Data excerpts ->
--- START ---

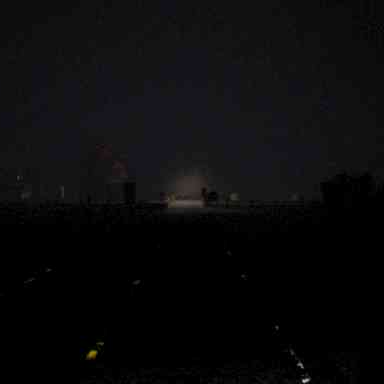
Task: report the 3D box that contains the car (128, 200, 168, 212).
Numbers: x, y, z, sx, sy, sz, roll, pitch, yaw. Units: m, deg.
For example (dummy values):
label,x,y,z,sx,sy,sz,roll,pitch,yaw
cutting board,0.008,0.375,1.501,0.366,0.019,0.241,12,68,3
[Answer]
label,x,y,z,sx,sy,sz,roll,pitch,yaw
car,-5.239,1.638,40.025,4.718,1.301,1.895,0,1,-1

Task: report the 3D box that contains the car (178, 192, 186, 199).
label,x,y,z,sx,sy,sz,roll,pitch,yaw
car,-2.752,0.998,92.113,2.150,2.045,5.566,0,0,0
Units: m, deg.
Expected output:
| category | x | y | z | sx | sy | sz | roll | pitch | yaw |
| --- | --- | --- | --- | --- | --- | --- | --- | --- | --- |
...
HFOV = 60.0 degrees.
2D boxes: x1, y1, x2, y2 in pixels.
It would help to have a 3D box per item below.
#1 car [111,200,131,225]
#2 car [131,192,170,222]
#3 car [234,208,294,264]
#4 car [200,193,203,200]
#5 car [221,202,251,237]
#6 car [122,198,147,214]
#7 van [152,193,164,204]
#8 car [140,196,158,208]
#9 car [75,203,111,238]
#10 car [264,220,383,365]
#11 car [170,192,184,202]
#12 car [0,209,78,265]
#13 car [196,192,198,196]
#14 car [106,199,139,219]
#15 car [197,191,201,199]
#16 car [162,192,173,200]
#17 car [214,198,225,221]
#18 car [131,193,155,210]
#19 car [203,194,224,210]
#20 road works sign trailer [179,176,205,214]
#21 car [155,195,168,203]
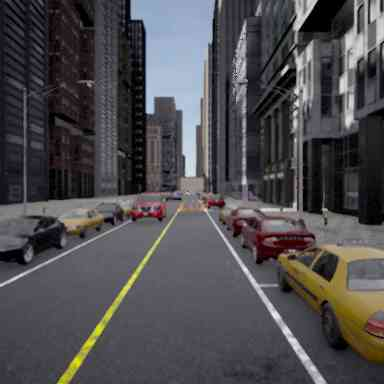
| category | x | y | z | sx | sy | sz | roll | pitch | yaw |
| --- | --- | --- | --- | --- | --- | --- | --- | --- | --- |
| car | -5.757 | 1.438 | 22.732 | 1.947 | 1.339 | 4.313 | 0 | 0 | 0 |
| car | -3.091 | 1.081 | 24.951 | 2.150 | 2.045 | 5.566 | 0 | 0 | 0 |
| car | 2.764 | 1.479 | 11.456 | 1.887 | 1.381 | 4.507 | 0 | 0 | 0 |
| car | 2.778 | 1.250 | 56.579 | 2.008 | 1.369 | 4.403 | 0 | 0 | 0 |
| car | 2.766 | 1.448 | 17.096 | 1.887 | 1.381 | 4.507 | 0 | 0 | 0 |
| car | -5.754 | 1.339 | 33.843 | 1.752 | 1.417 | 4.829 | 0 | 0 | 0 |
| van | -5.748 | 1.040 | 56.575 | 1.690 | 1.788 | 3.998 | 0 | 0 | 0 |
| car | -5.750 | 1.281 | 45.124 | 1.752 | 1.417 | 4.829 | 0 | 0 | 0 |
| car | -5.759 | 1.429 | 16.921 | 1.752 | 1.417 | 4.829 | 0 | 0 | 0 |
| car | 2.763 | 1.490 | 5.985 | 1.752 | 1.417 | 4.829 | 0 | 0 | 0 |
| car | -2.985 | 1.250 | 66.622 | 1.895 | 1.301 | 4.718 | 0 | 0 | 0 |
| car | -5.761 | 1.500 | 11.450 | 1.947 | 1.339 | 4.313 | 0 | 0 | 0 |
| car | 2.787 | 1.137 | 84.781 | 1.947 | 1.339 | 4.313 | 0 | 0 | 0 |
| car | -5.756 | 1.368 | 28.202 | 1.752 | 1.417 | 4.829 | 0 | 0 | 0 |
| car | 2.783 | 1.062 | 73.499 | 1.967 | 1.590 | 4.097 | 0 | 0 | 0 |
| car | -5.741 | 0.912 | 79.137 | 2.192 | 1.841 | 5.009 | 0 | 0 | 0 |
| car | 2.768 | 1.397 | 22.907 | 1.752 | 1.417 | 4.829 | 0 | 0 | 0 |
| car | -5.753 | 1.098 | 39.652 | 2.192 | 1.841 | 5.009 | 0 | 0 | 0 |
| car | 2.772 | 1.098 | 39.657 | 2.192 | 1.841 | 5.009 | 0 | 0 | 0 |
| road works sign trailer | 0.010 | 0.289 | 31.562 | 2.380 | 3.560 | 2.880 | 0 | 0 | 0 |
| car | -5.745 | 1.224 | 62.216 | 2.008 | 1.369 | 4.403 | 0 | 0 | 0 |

--- END ---

Exercise description -> With the images left out, set down each record exactly as it appears.

Answer section ->
Task: report the 3D box that contains the car (128, 200, 168, 212).
Numbers: x, y, z, sx, sy, sz, roll, pitch, yaw. Units: m, deg.
For example (dummy values):
label,x,y,z,sx,sy,sz,roll,pitch,yaw
cutting board,0.008,0.375,1.501,0.366,0.019,0.241,12,68,3
[Answer]
label,x,y,z,sx,sy,sz,roll,pitch,yaw
car,-5.239,1.638,40.025,4.718,1.301,1.895,0,1,-1

Task: report the 3D box that contains the car (178, 192, 186, 199).
label,x,y,z,sx,sy,sz,roll,pitch,yaw
car,-2.752,0.998,92.113,2.150,2.045,5.566,0,0,0
Units: m, deg.
Expected output:
| category | x | y | z | sx | sy | sz | roll | pitch | yaw |
| --- | --- | --- | --- | --- | --- | --- | --- | --- | --- |
...
HFOV = 60.0 degrees.
2D boxes: x1, y1, x2, y2 in pixels.
It would help to have a 3D box per item below.
#1 car [111,200,131,225]
#2 car [131,192,170,222]
#3 car [234,208,294,264]
#4 car [200,193,203,200]
#5 car [221,202,251,237]
#6 car [122,198,147,214]
#7 van [152,193,164,204]
#8 car [140,196,158,208]
#9 car [75,203,111,238]
#10 car [264,220,383,365]
#11 car [170,192,184,202]
#12 car [0,209,78,265]
#13 car [196,192,198,196]
#14 car [106,199,139,219]
#15 car [197,191,201,199]
#16 car [162,192,173,200]
#17 car [214,198,225,221]
#18 car [131,193,155,210]
#19 car [203,194,224,210]
#20 road works sign trailer [179,176,205,214]
#21 car [155,195,168,203]
| category | x | y | z | sx | sy | sz | roll | pitch | yaw |
| --- | --- | --- | --- | --- | --- | --- | --- | --- | --- |
| car | -5.757 | 1.438 | 22.732 | 1.947 | 1.339 | 4.313 | 0 | 0 | 0 |
| car | -3.091 | 1.081 | 24.951 | 2.150 | 2.045 | 5.566 | 0 | 0 | 0 |
| car | 2.764 | 1.479 | 11.456 | 1.887 | 1.381 | 4.507 | 0 | 0 | 0 |
| car | 2.778 | 1.250 | 56.579 | 2.008 | 1.369 | 4.403 | 0 | 0 | 0 |
| car | 2.766 | 1.448 | 17.096 | 1.887 | 1.381 | 4.507 | 0 | 0 | 0 |
| car | -5.754 | 1.339 | 33.843 | 1.752 | 1.417 | 4.829 | 0 | 0 | 0 |
| van | -5.748 | 1.040 | 56.575 | 1.690 | 1.788 | 3.998 | 0 | 0 | 0 |
| car | -5.750 | 1.281 | 45.124 | 1.752 | 1.417 | 4.829 | 0 | 0 | 0 |
| car | -5.759 | 1.429 | 16.921 | 1.752 | 1.417 | 4.829 | 0 | 0 | 0 |
| car | 2.763 | 1.490 | 5.985 | 1.752 | 1.417 | 4.829 | 0 | 0 | 0 |
| car | -2.985 | 1.250 | 66.622 | 1.895 | 1.301 | 4.718 | 0 | 0 | 0 |
| car | -5.761 | 1.500 | 11.450 | 1.947 | 1.339 | 4.313 | 0 | 0 | 0 |
| car | 2.787 | 1.137 | 84.781 | 1.947 | 1.339 | 4.313 | 0 | 0 | 0 |
| car | -5.756 | 1.368 | 28.202 | 1.752 | 1.417 | 4.829 | 0 | 0 | 0 |
| car | 2.783 | 1.062 | 73.499 | 1.967 | 1.590 | 4.097 | 0 | 0 | 0 |
| car | -5.741 | 0.912 | 79.137 | 2.192 | 1.841 | 5.009 | 0 | 0 | 0 |
| car | 2.768 | 1.397 | 22.907 | 1.752 | 1.417 | 4.829 | 0 | 0 | 0 |
| car | -5.753 | 1.098 | 39.652 | 2.192 | 1.841 | 5.009 | 0 | 0 | 0 |
| car | 2.772 | 1.098 | 39.657 | 2.192 | 1.841 | 5.009 | 0 | 0 | 0 |
| road works sign trailer | 0.010 | 0.289 | 31.562 | 2.380 | 3.560 | 2.880 | 0 | 0 | 0 |
| car | -5.745 | 1.224 | 62.216 | 2.008 | 1.369 | 4.403 | 0 | 0 | 0 |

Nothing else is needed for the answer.